Reviewer 1:
» its applications to cryptography are missing and questionable.
• 2 paragraphs lists applications of modular arithmetic in crypto. Two algorithms are presented for crypto coprocessors… (This was all he could say about the paper.)
Reviewer 2:
» The text sometimes makes statements like "In cryptographic applications many divisions are performed with the same divisor." Such statements should be accompanied by examples.
• Has not he noticed that in RSA, ECC, ElGamal… fixed moduli are used in exponentiation? The audience of a crypto conference should known it.
» … the complexity model should be clearly described in a paragraph with the same title.
• Not only a paragraph, but a whole section is there: Time Complexity. This guy did not even look at the section titles of the paper.
» … What is the middle third of a bit sequence?
• Is he serious? (But, it is actually defined in the paper. Just look…)
Reviewer 3:
» CHES concentrates on embedded crypto where space is usually a more critical concern than time... The methods here are therefore probably more useful on a server/PC crypto accelerator than in a smart card.
• Embedded systems =/ smart cards. Cell phones, cable modems, portable music players, DVD players, set-top boxes, digital VCR's, secure disk drives, FLASH memory, etc. have less severe memory constraints, but they all benefit from higher speed.
» … would have liked a deeper treatment of space requirements. There was almost nothing on this, but it is important for CHES readers.
• …like power consumption, side channel leakage, fault tolerance, circuit size, etc. This paper deals with the speed of algorithms.
» … what happens with carry/borrow bits at the boundaries
• Did he even look? The necessary results are cited and referenced ([29]).
» … R is a well known algorithm/general technique.
• R uses truncated products (and no other operations!) for accelerating Newton's iteration (which is the "well known algorithm/general technique"). If he thinks these speedups are well known, he should give a reference.
Reviewer 4:
» The comparison of the diverse arithmetic algorithms is based on a theoretical analysis that considers only the number of digit-multiplications, but ignores load/store operations.
• He missed the point of Section 4 (1/2 page) and the Summary why not measure running times, count load ops.
» … The main weakness of the paper is the lack of "real" timings measured on concrete implementations of these algorithms... Without concrete timings it is not possible to evaluate the efficiency of the proposed algorithms for cryptographic applications...
• In Section 4 it is discussed in details why no such concrete "timings" are needed for the considered algorithms.
» … space limitations are a bad excuse for not including the timings
• Execution time measurements are almost meaningless: they are too platform dependent. What matters is the relative speed of different algorithms on the same platform, which is the topic of the paper.
» … The Barrett algorithm as published in the original paper in the proceedings of CRYPTO 96 actually uses truncated multiplications.

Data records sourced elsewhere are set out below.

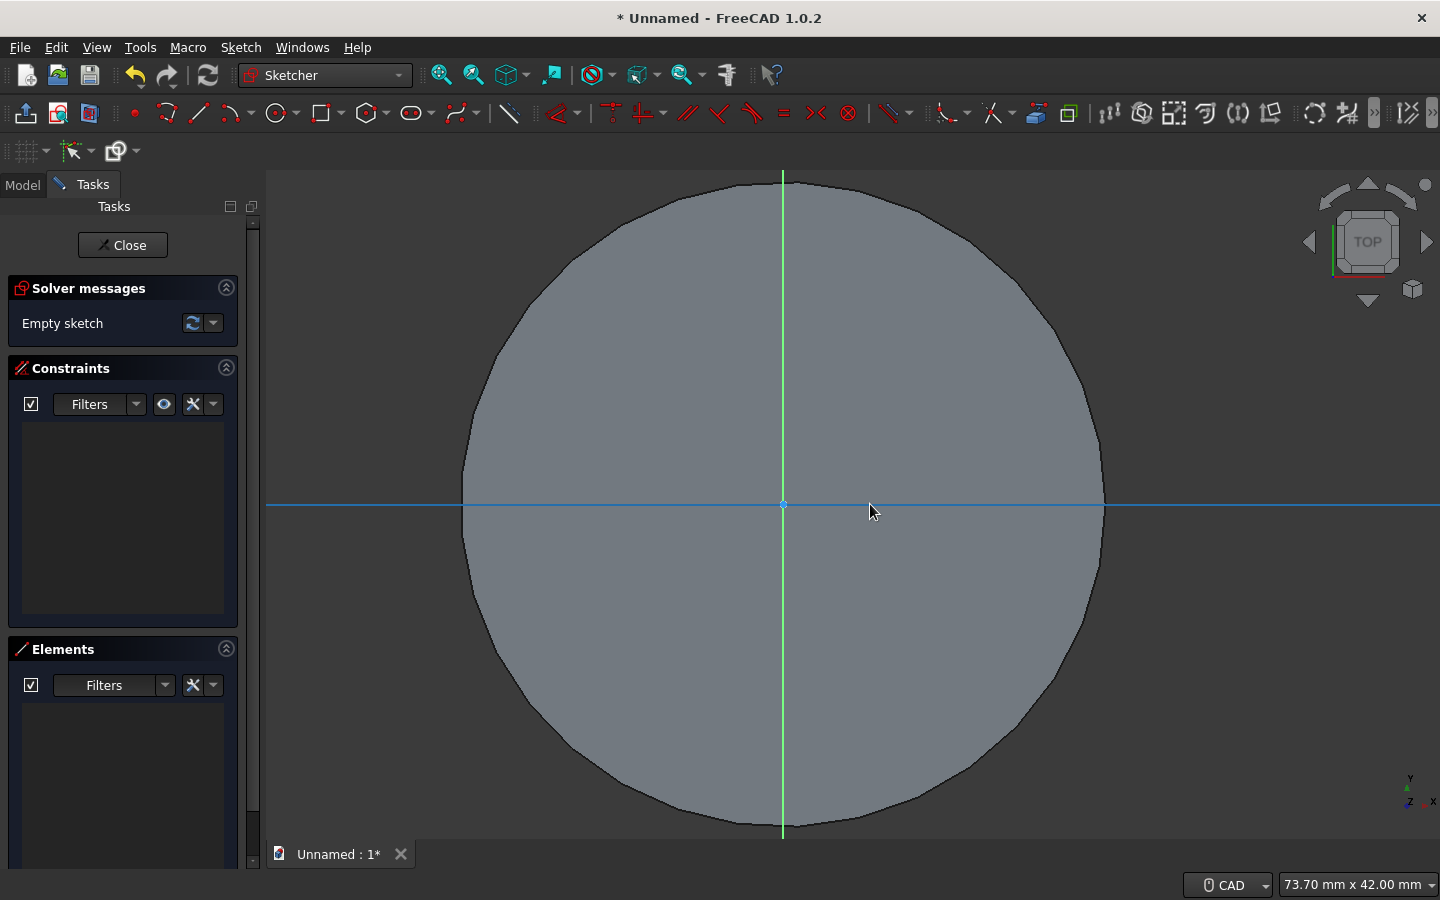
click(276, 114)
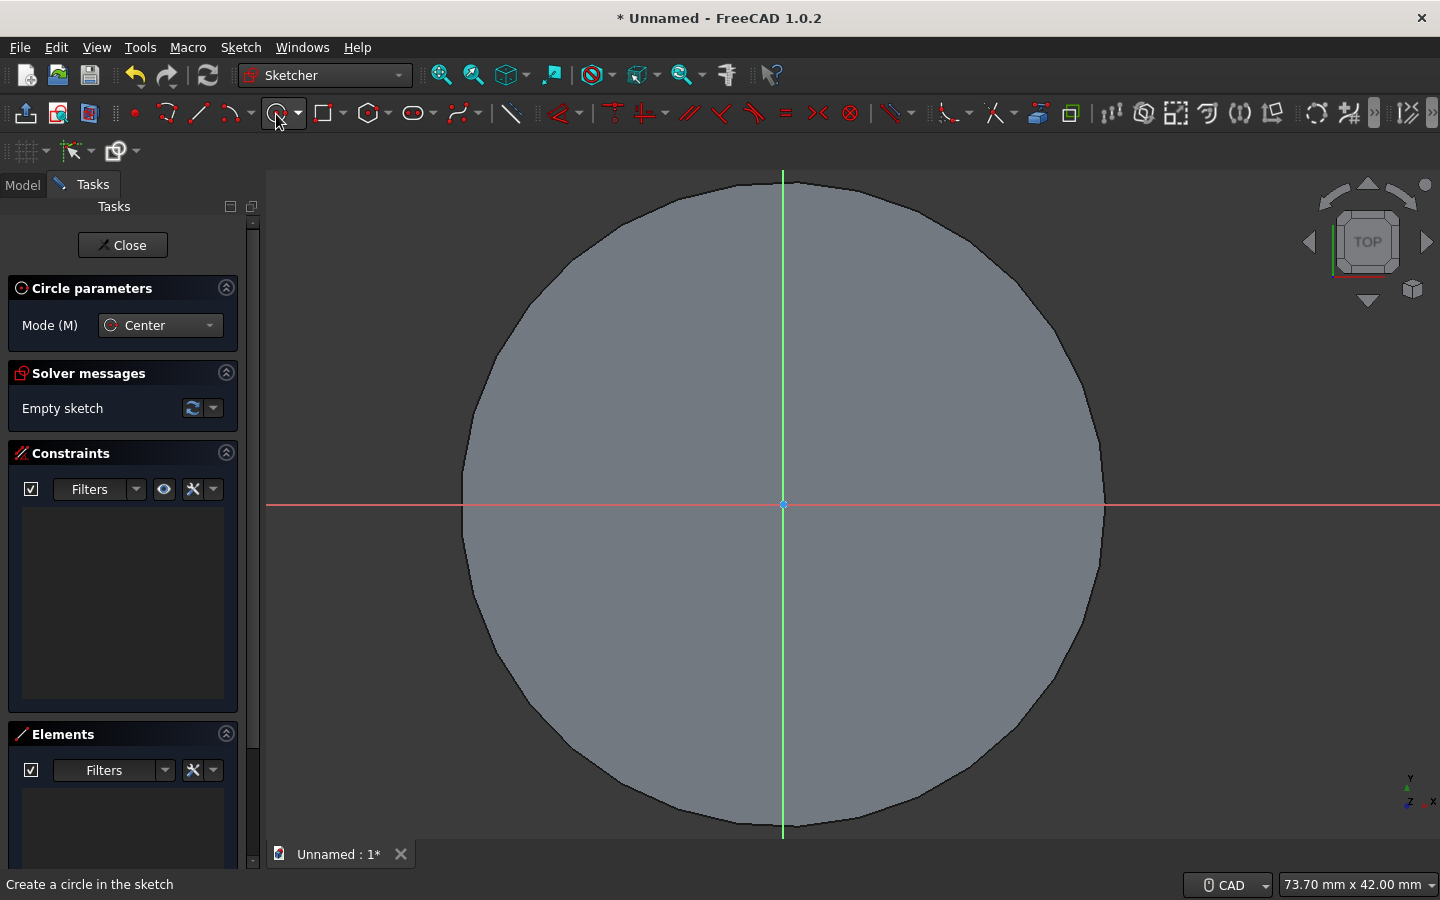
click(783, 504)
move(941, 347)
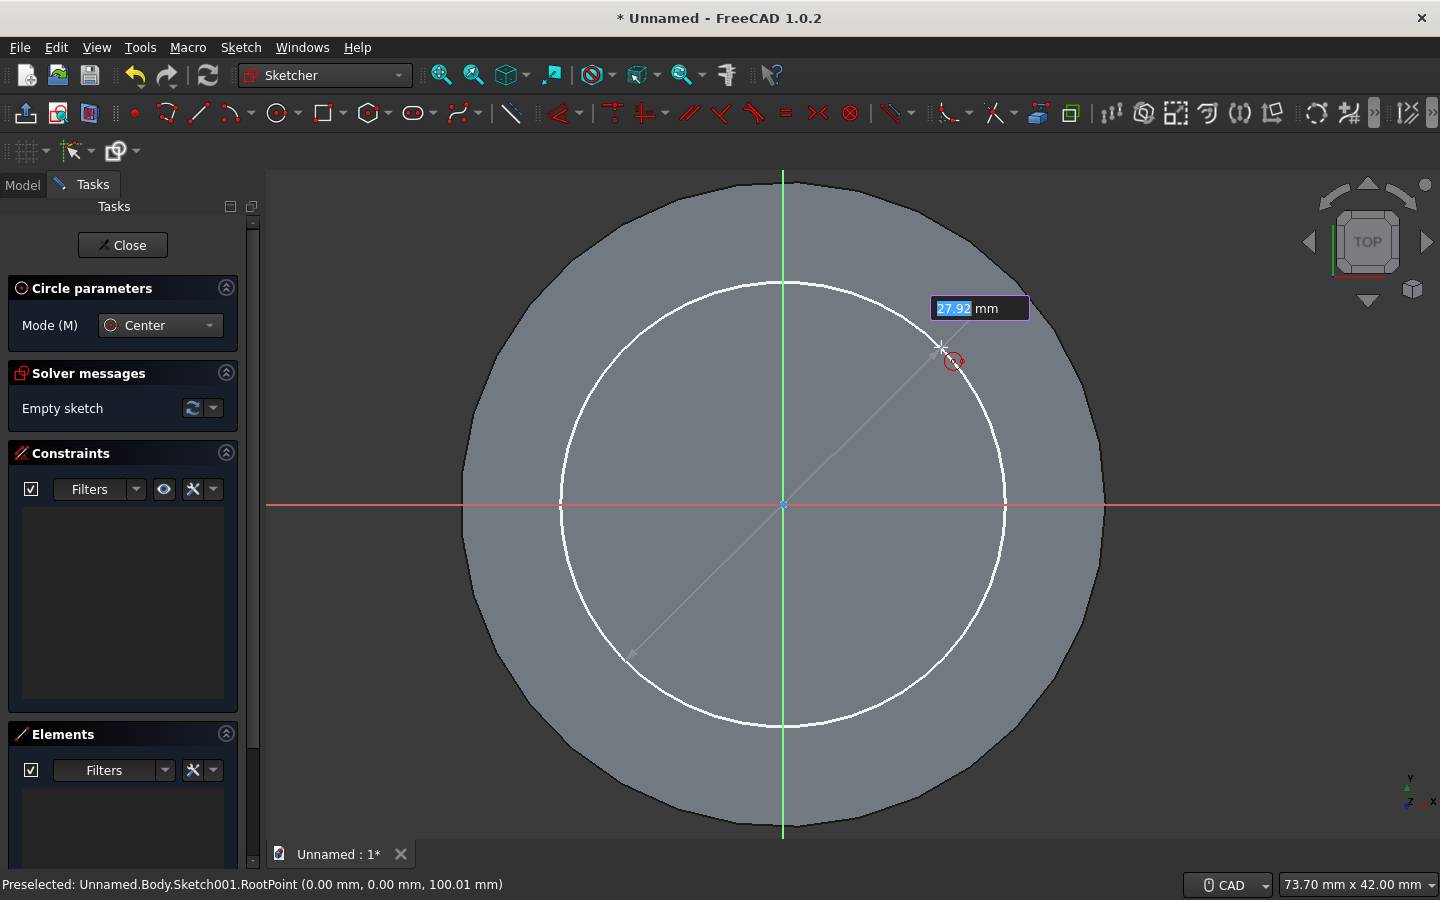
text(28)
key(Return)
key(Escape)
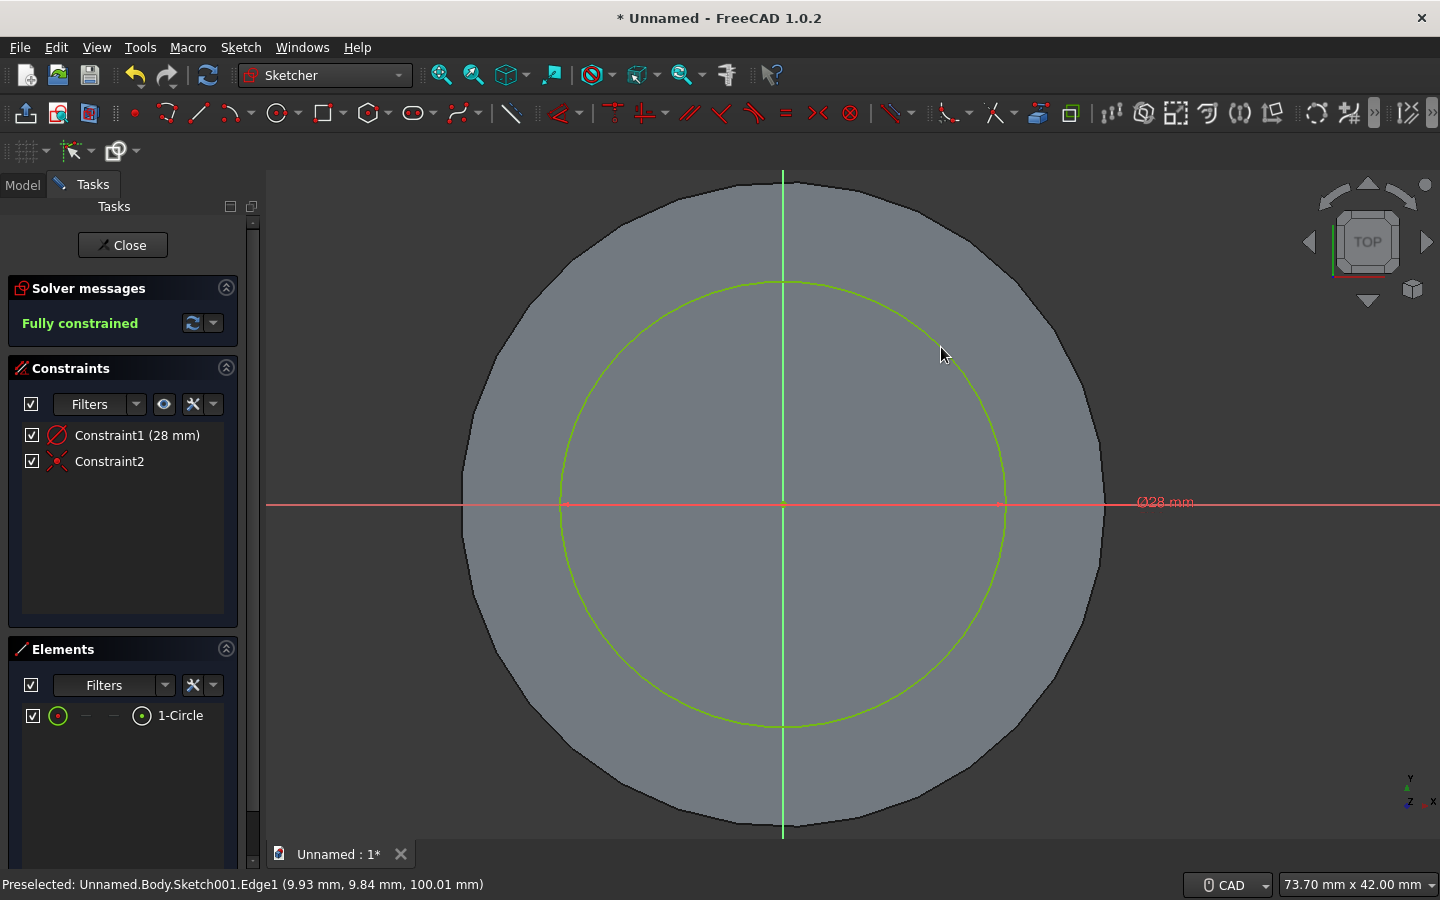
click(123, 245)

• Barrett's contribution is described and referenced in the paper. We present new results for sub-quadratic cases, which were not discussed before, and we use more general truncated products than MS and LS halves of the digit sequences.
» Montgomery Multiplication with Karatsuba complexity is implemented in the MIRACL long integer library (see MIRACL Users Manual) and therefore it is not an original contribution
• MIRACL did not use truncated products, did not publish its algorithms. Our Montgomery multiplication algorithms predated MIRACL by 2 years, they are different, faster and more general.
» …The pseudo-code of the so-called Karatsuba-Comba-Montgomery (KCM) multiplication is given in the paper "Energy-Efficient Software Implementation of Long Integer Modular Arithmetic," which was presented at CHES 2005.
• NOT TRUE! The CHES'05 paper only gives a reference to an unpublished manuscript from 2005 (2 years too late), no "pseudo-code".
Reviewer 5:
» The authors present a study of faster than ``grammar school method'' algorithm for performing multiplications.
• NO! This reviewer did not even read the Title or the Introduction.
» I am pretty certain, that all of the studied algorithms are standard/old techniques that are well known in the computer arithmetic and DSP communities.
• Provide references! "Pretty certain" means nothing, especially since we saw the reviewer did not even know what the paper was about.
» The paper reads more like a project report with many disconnected pieces.
• The title: "Applications…" of a new tool set. Of course, they are "disconnected": these are the "pieces", where we can use the tools.
» ...the specific contributions of the author is not clearly separated from what was known/used before.
• The new complexity results (as explained in the text) are in bold italics in the corresponding tables, and the new formulas are boxed. In the Summary they are listed again. – Read the damn paper before writing a review!